Born to the Barracks

Jonathan Wainwright was born on August 23, 1883, the third child of army Lieutenant Robert Powell Page Wainwright (1852-1902) and Josephine Serrell Wainwright (1852-1939). He had two older sisters, Helen Serrell Wainwright (1881-1910) and Jennie Powell Serrell Wainwright (1882-1939). In October 1883 the family transferred from Fort Walla Walla to Fort Bidwell, California. His father, a cavalry officer, fought in Cuba in 1898 during the Spanish-American War. He would die of disease in the Philippines in 1902 during the Philippine-American War.

Jonathan Wainwright IV entered the U.S. Military Academy at West Point in 1902, as his father had done 33 year earlier (in 1870). Fellow cadets nicknamed the tall and thin Wainwright “Skinny,” a name he liked, and he graduated in 1906 with the prestigious First Captain of Cadets honor. Wainwright chose to serve in the the cavalry and was first assigned to the 1st Cavalry Regiment at  Fort Clark, Texas, where he developed a love for the life of a cavalryman and became an expert horseman. In 1908 his regiment was dispatched to the Philippines (where his father had died six years earlier) as part of an expedition sent to quell the Moro uprising on the island of Jolo.

In 1911 Wainwright married Adele "Kitty" Holley (1887-1970), an officer’s daughter he had known for years.

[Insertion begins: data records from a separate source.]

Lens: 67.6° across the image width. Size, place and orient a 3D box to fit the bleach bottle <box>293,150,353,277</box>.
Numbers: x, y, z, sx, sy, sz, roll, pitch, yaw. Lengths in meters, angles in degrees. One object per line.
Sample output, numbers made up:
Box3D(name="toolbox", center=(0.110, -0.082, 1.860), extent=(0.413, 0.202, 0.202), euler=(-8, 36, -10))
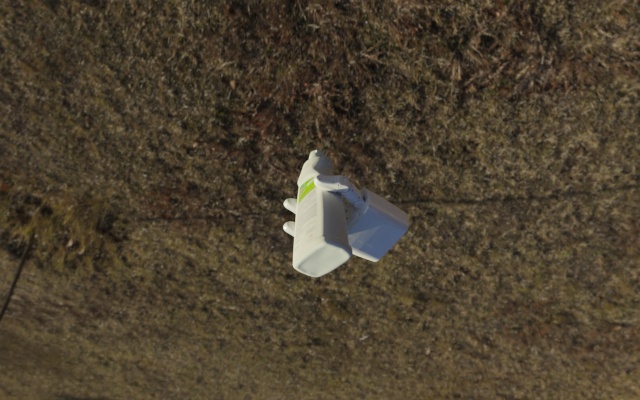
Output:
Box3D(name="bleach bottle", center=(0.000, 0.003, 0.836), extent=(0.068, 0.250, 0.103), euler=(28, -48, -29))
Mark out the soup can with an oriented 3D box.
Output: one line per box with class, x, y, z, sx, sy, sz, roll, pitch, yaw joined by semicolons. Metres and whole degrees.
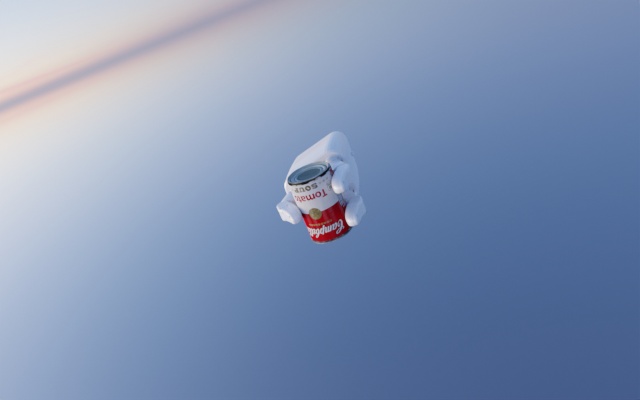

They had one child, a son, Jonathan Mayhew Wainwright V (1913-1996), whom his father called “Jack.” It was a major disappointment when Jack’s efforts to gain entrance to West Point were unsuccessful, but he joined the Merchant Marines and had a distinguished record during World War II. He eventually retired as a captain in the Naval Reserve, which pleased his famous father. 

Two World Wars

During World War I, the senior Wainwright served in France as assistant chief of staff for the 82nd Division (today’s famed 82nd Airborne Division). Following the war he held a number of cavalry postings and received regular promotions, and on November 1, 1938, "Skinny" Wainwright received his first star as brigadier general, a rank his father never achieved.

In November 1940 Wainwright assumed command of a Philippine Scout division, then took over as commander of the Northern Luzon Front. When General Douglas A. MacArthur (1880-1964) was ordered to leave the Philippines on March 11, 1942, Wainwright, now a lieutenant general, became the senior field commander of all U.S. and Filipino forces in the Philippine Islands. The overpowering Japanese invasion forced the defenders to withdraw to Bataan and drove Wainwright’s headquarters to Corregidor Island. President Roosevelt authorized Wainwright to continue the fight or make terms as he saw fit. Wainwright chose to continue the battle from Corregidor despite the urgings of some that he leave. He messaged:

"I have been one of the battling bastards of Bataan and I’ll play the same role on the rock as long as it is humanly possible. I have been with my men from the start, and if captured I will share their lot. We have been through so much together that my conscience would not let me leave before the final curtain" (Army Medical Department Regiment).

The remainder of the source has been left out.